In your copy, leave out the pictures and repeat every record exactly.

INPUT:
=== Section Start ===

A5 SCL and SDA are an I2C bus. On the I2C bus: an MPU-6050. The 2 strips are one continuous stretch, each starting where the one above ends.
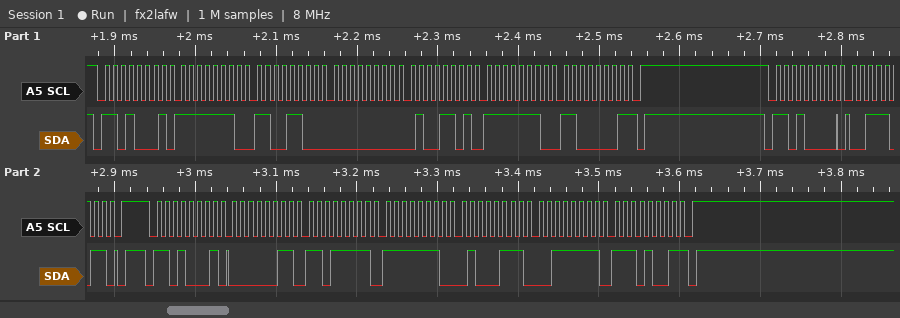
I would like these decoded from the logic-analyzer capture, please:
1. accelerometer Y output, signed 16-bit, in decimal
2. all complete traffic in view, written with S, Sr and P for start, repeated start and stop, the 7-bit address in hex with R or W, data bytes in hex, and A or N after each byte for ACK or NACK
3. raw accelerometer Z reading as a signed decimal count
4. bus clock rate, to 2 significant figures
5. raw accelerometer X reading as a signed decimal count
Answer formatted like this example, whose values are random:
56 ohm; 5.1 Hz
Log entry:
-441; S 68R A FE A CC A 00 A 4D A FE A C1 N P S 68W A 3B A P S 68R A 03 A DF A FE A 47 A 3F A E9 N P; 16361; 100 kHz; 991

=== Section End ===

RESULT OF THIS EXERCISE:
A5 SCL and SDA are an I2C bus. On the I2C bus: an MPU-6050. The 2 strips are one continuous stretch, each starting where the one above ends.
I would like these decoded from the logic-analyzer capture, please:
1. accelerometer Y output, signed 16-bit, in decimal
2. all complete traffic in view, written with S, Sr and P for start, repeated start and stop, the 7-bit address in hex with R or W, data bytes in hex, and A or N after each byte for ACK or NACK
3. raw accelerometer Z reading as a signed decimal count
4. bus clock rate, to 2 significant figures
5. raw accelerometer X reading as a signed decimal count
Answer formatted like this example, whose values are random:
56 ohm; 5.1 Hz
Log entry:
-441; S 68R A FE A CC A 00 A 4D A FE A C1 N P S 68W A 3B A P S 68R A 03 A DF A FE A 47 A 3F A E9 N P; 16361; 100 kHz; 991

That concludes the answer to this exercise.